**Saved entries:**
Start of Block
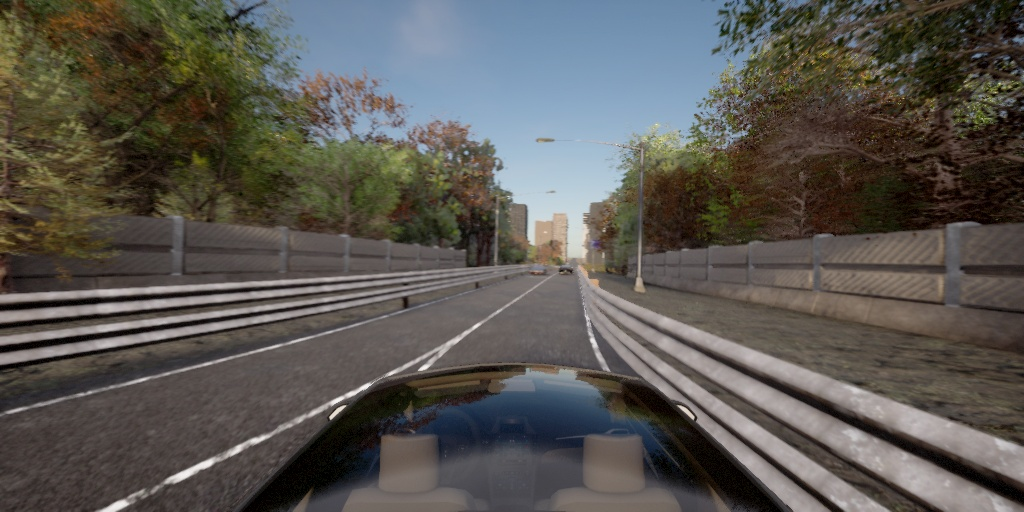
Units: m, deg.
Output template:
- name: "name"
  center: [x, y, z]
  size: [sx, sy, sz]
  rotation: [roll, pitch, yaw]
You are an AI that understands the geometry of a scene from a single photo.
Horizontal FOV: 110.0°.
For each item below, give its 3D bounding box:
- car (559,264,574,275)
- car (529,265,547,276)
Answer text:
End of Block
**PROMPT:** Copy the entries character for character, excluding any pictures.

**RESPONSE TO THE EXERCISE:**
Units: m, deg.
Output template:
- name: "name"
  center: [x, y, z]
  size: [sx, sy, sz]
  rotation: [roll, pitch, yaw]
You are an AI that understands the geometry of a scene from a single photo.
Horizontal FOV: 110.0°.
For each item below, give its 3D bounding box:
- car (559,264,574,275)
- car (529,265,547,276)
Answer text:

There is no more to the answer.